Here, the frame may be any frame as long as the left and right endless track portions can be fixed in a square shape, and a frame having a substantially L-shaped or rectangular shape is preferably used. By arranging the endless track portions on two adjacent sides of a frame formed in an L shape, a B shape, or the like, the left and right endless track portions can be arranged in a C shape. As a material of the frame, in addition to a metal such as aluminum, a synthetic resin such as polycarbonate, a fiber reinforced plastic such as FRP or FRTP, or the like is preferably used.
Depending on the inner diameter of the tube to be inspected, several types of dimensions of the frame can be prepared and appropriately selected for use. By changing only the dimensions of the frame, it is possible to cope with various inner diameters, and the same endless track can be used, so that complex parts can be used in common for mass production and design flexibility. Excellent.

As the endless track portion, a belt-like crawler plate or chain wound between the starting wheel and the idle wheel is preferably used. When a wide belt-shaped shoe is used, the contact area with the pipe surface can be increased, and the running stability is excellent. Even if the surface of the footwear plate has irregularities, the tube is made of resin, or the surface of the tube is wet with water and slippery, or even when the tube is tilted, it can maintain an appropriate grip force and travel Excellent stability. The footboard may be made of synthetic rubber, synthetic resin, or metal. However, since the synthetic rubber is difficult to slip and the surface of the tube is difficult to be damaged, it is excellent in reliability.
The angle formed by the left and right endless track portions can be selected as appropriate, but 90 degrees is particularly preferable.
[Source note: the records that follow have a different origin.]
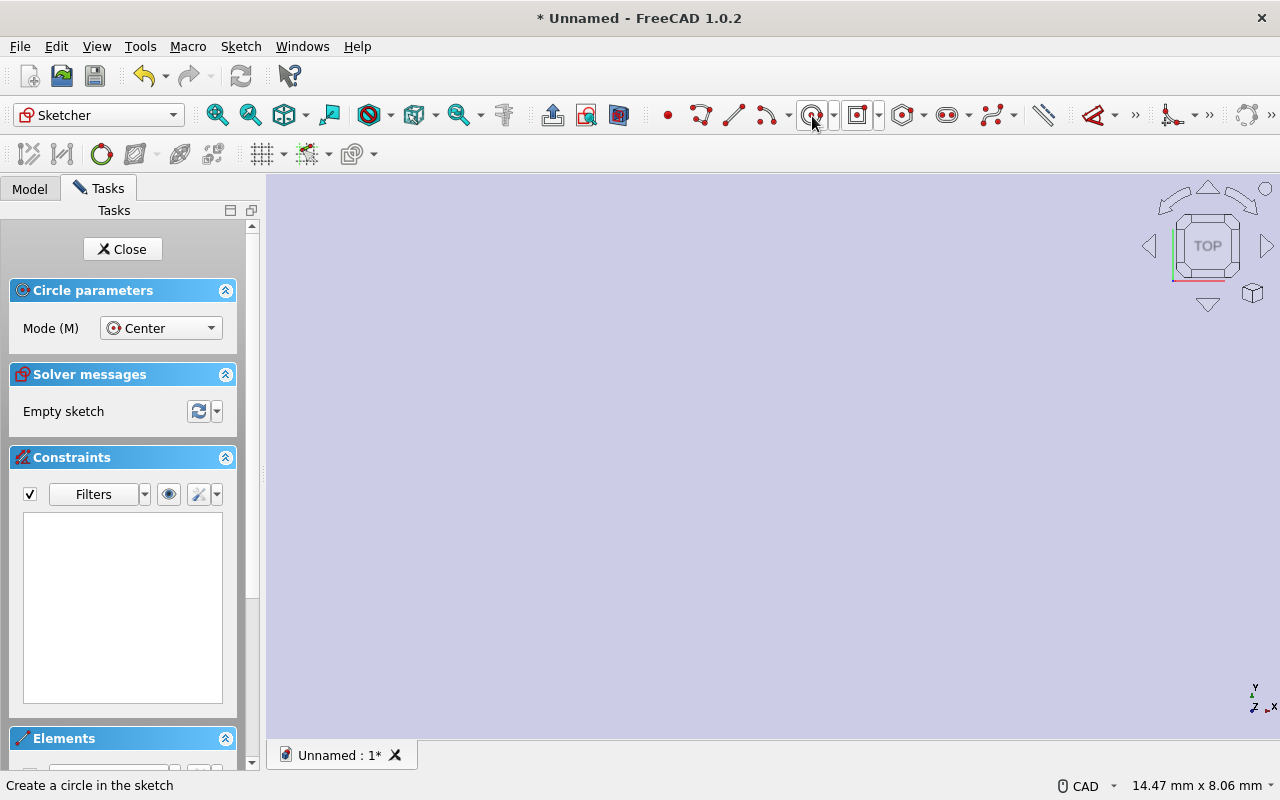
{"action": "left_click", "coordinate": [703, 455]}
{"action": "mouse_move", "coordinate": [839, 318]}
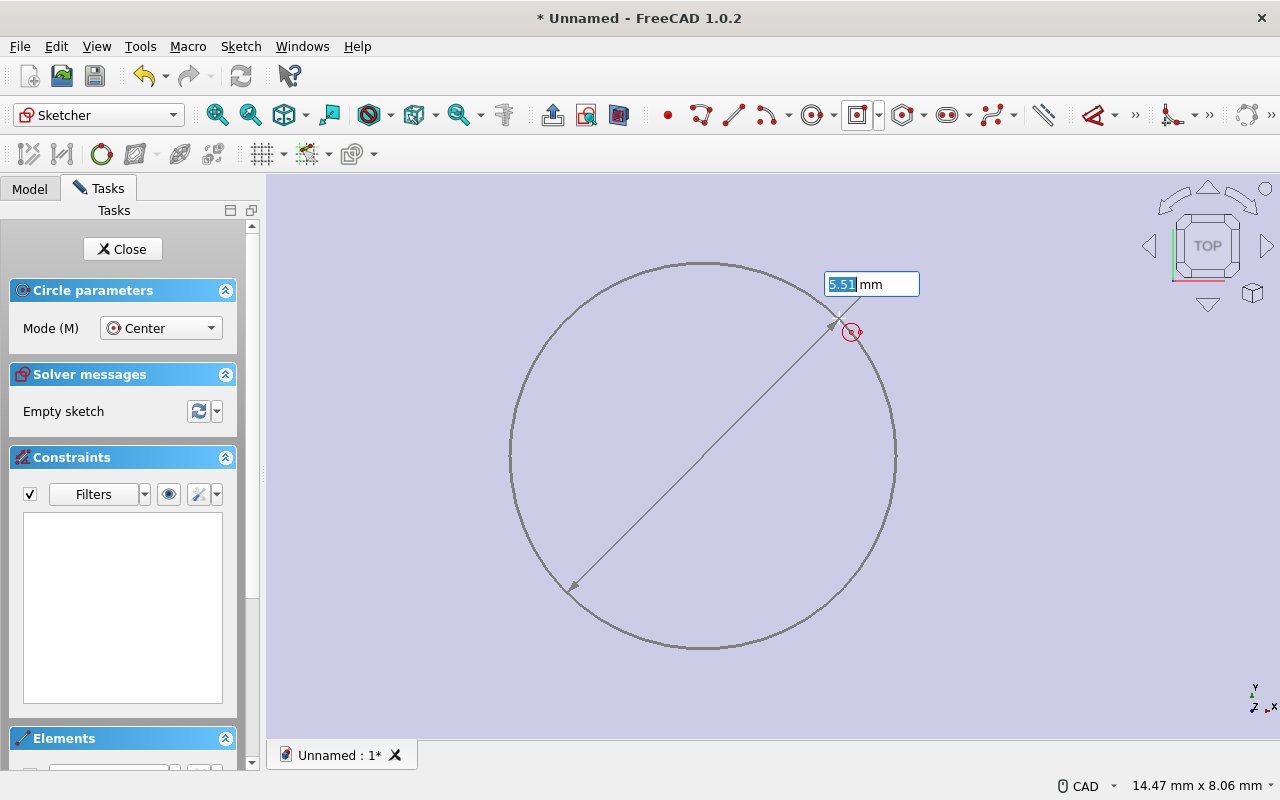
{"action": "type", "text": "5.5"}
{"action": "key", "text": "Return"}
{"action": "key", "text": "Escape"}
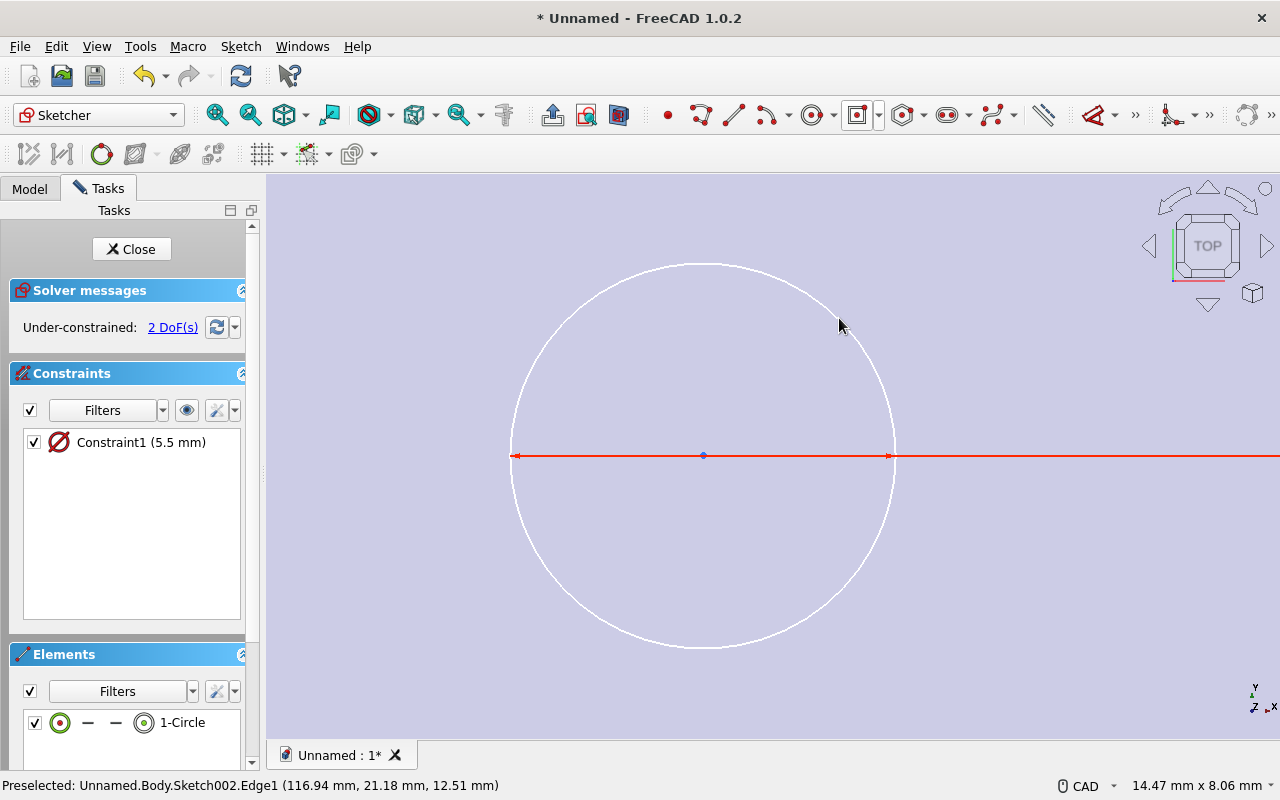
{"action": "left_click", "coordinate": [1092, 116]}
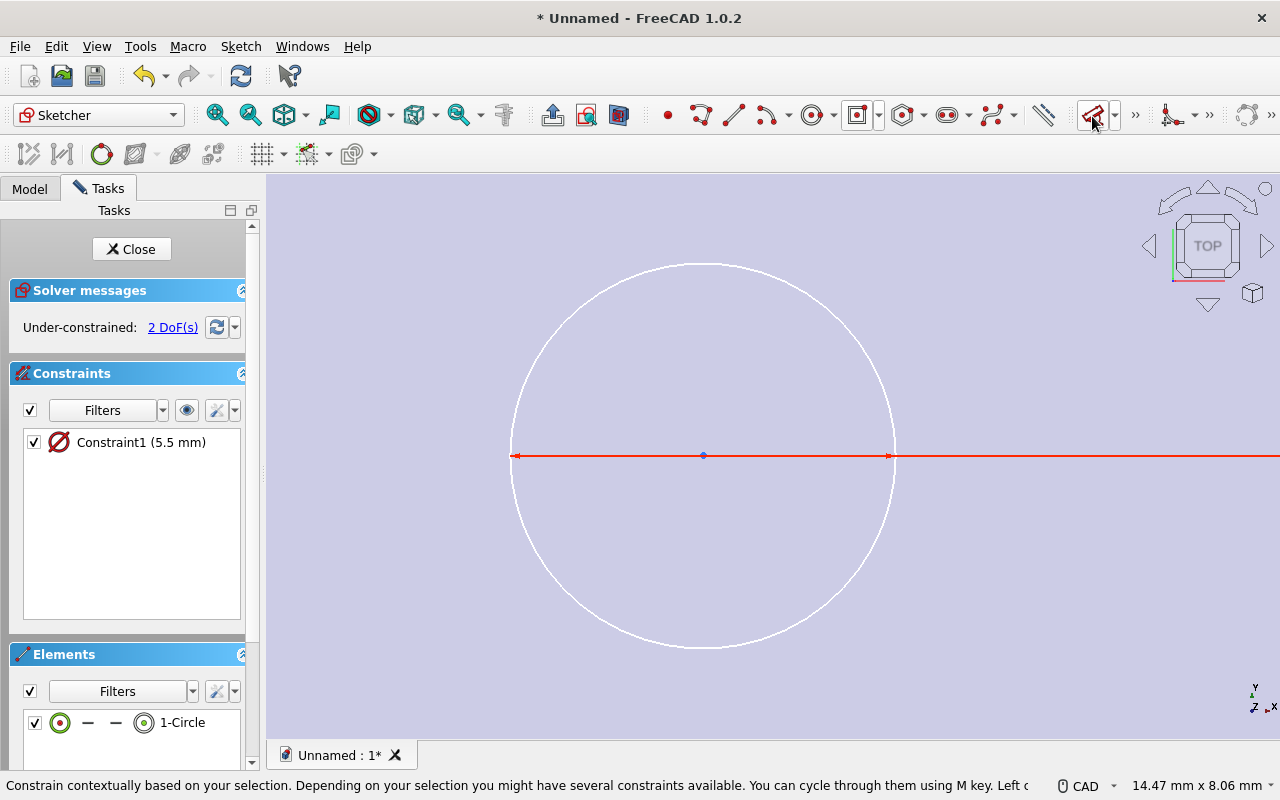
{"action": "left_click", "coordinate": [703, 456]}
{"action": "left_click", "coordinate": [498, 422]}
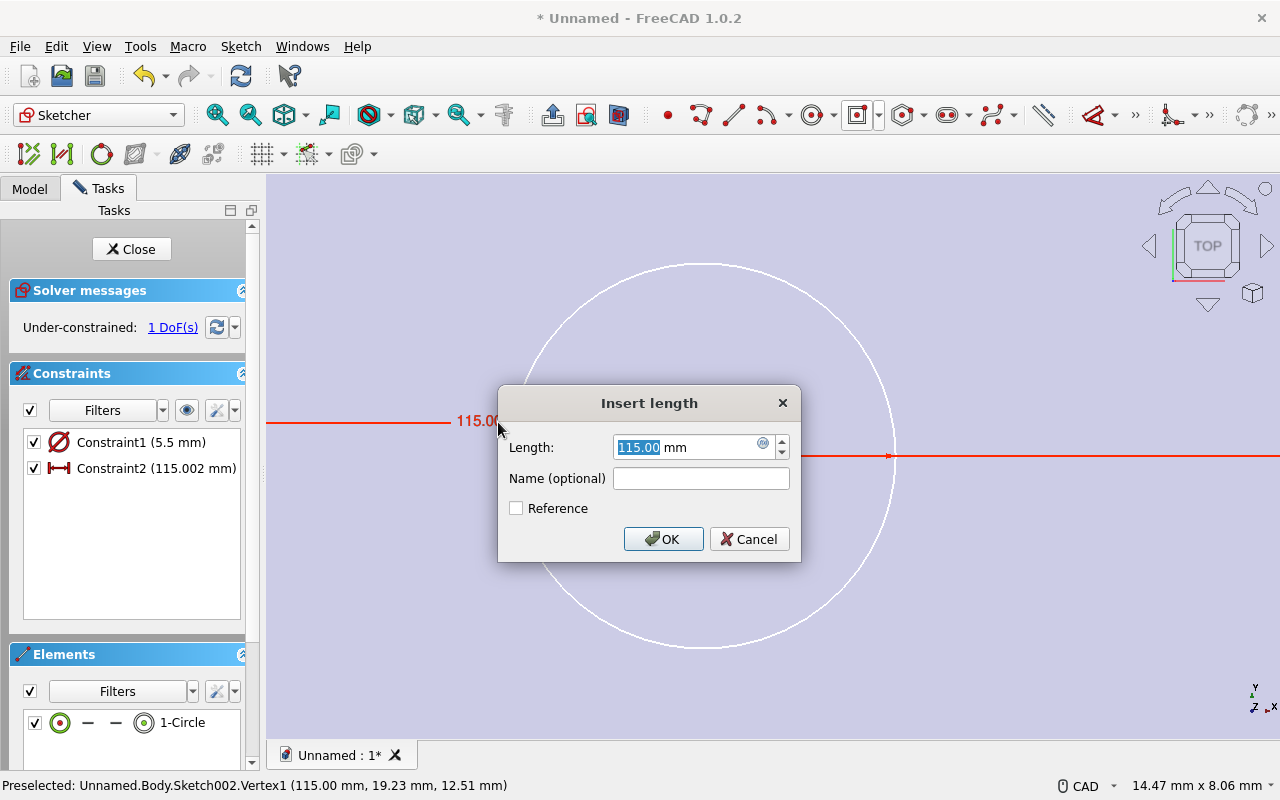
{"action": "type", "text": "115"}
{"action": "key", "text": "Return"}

The distance between the endless track sections that support the frame (vehicle width) is maximized, and the left and right endless track sections can support the frame reliably and perform stable running, and obstacles such as joints and steps inside the pipe This is because it is possible to overcome the problem. In addition, because the center of gravity is lower than the center of the pipe and between the left and right endless track parts, even if the body leans about 45 degrees when overcoming obstacles, it will not fall down and run autonomously Excellent reliability.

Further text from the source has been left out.